### [Material for the task]
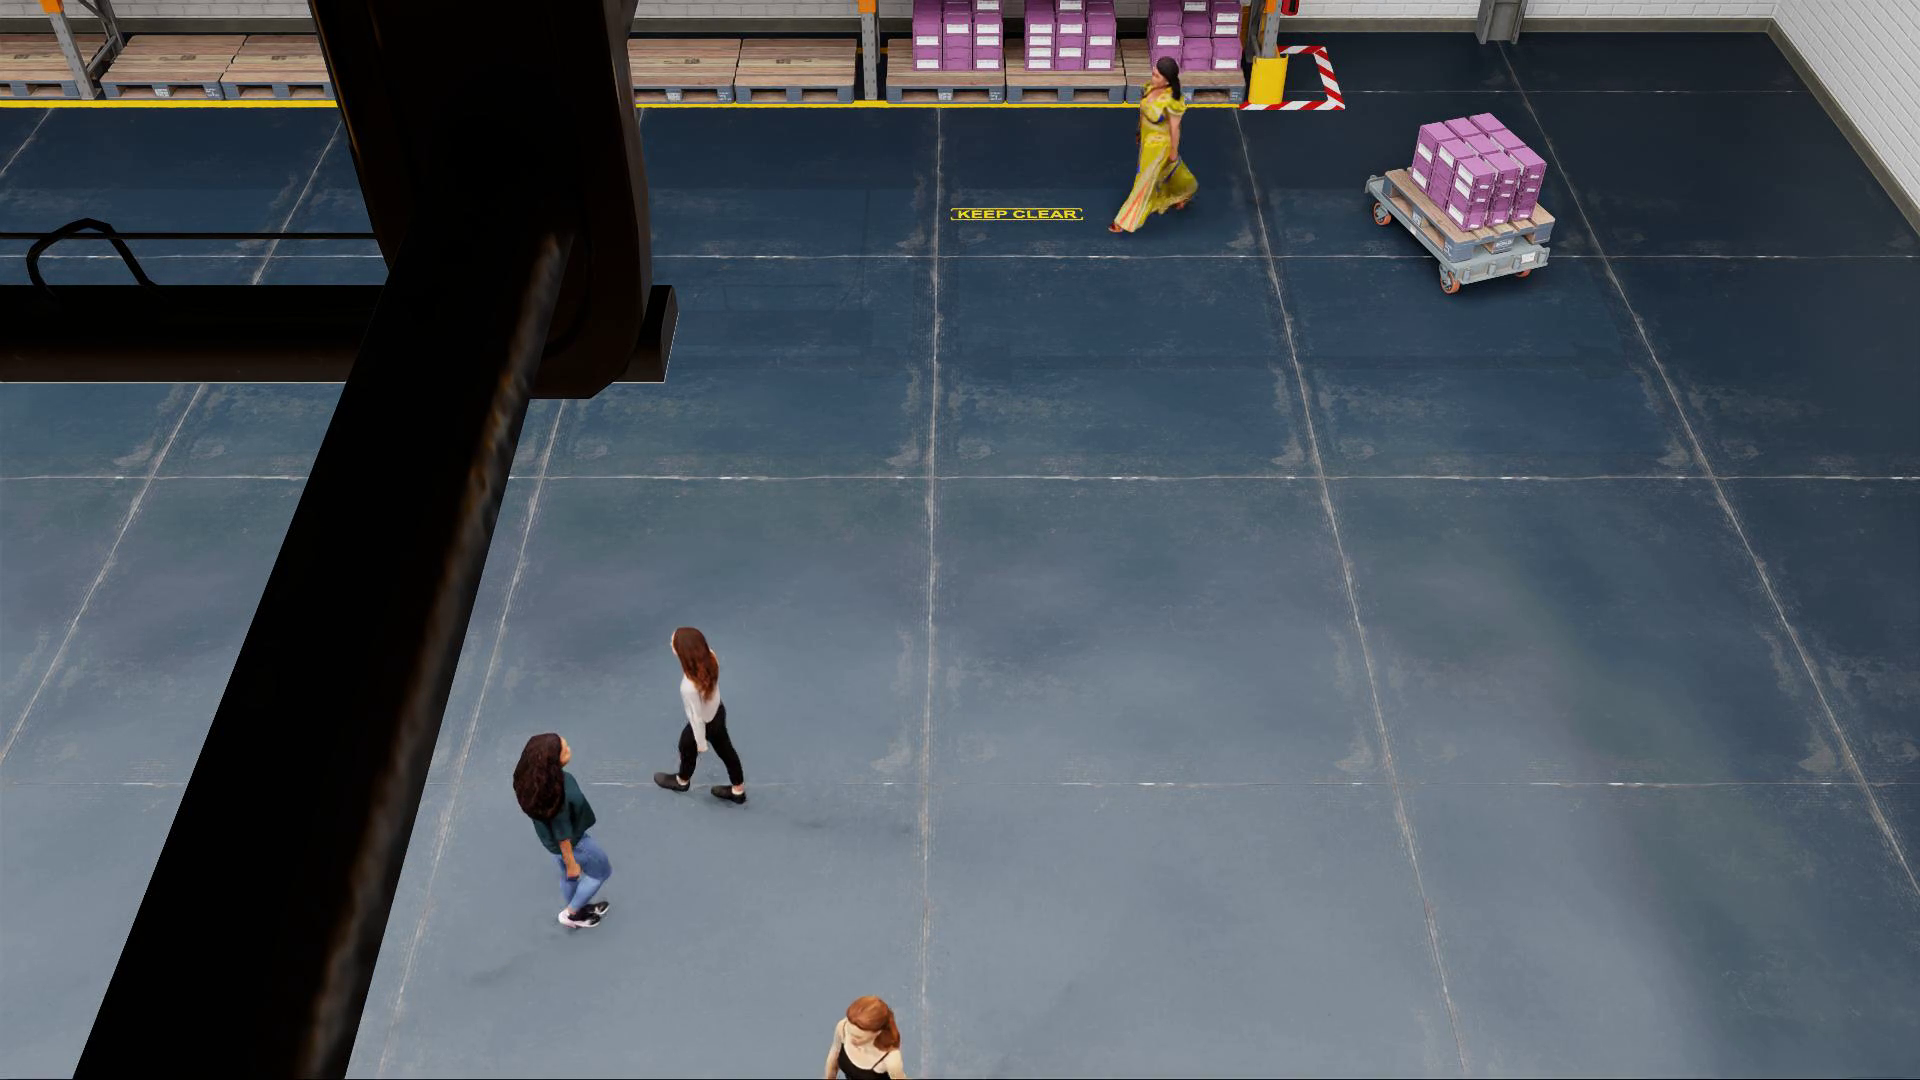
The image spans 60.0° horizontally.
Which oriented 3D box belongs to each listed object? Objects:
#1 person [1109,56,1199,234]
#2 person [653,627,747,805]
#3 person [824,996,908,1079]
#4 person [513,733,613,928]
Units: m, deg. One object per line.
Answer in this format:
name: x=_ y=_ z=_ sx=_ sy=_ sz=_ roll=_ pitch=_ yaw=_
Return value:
person: x=1.840 y=-3.546 z=14.819 sx=1.335 sy=1.612 sz=1.059 roll=-19 pitch=47 yaw=-18
person: x=-1.469 y=1.094 z=10.059 sx=0.895 sy=1.459 sz=0.700 roll=11 pitch=45 yaw=12
person: x=-0.363 y=2.682 z=8.286 sx=0.845 sy=1.606 sz=0.783 roll=-34 pitch=53 yaw=-31
person: x=-2.282 y=1.693 z=9.321 sx=0.751 sy=1.610 sz=0.714 roll=-22 pitch=48 yaw=-21

### [What you will do]
Every line above should be duplicated exactly; the pictures are to be left out.

### [Answer for the task]
The image spans 60.0° horizontally.
Which oriented 3D box belongs to each listed object? Objects:
#1 person [1109,56,1199,234]
#2 person [653,627,747,805]
#3 person [824,996,908,1079]
#4 person [513,733,613,928]
Units: m, deg. One object per line.
Answer in this format:
name: x=_ y=_ z=_ sx=_ sy=_ sz=_ roll=_ pitch=_ yaw=_
Return value:
person: x=1.840 y=-3.546 z=14.819 sx=1.335 sy=1.612 sz=1.059 roll=-19 pitch=47 yaw=-18
person: x=-1.469 y=1.094 z=10.059 sx=0.895 sy=1.459 sz=0.700 roll=11 pitch=45 yaw=12
person: x=-0.363 y=2.682 z=8.286 sx=0.845 sy=1.606 sz=0.783 roll=-34 pitch=53 yaw=-31
person: x=-2.282 y=1.693 z=9.321 sx=0.751 sy=1.610 sz=0.714 roll=-22 pitch=48 yaw=-21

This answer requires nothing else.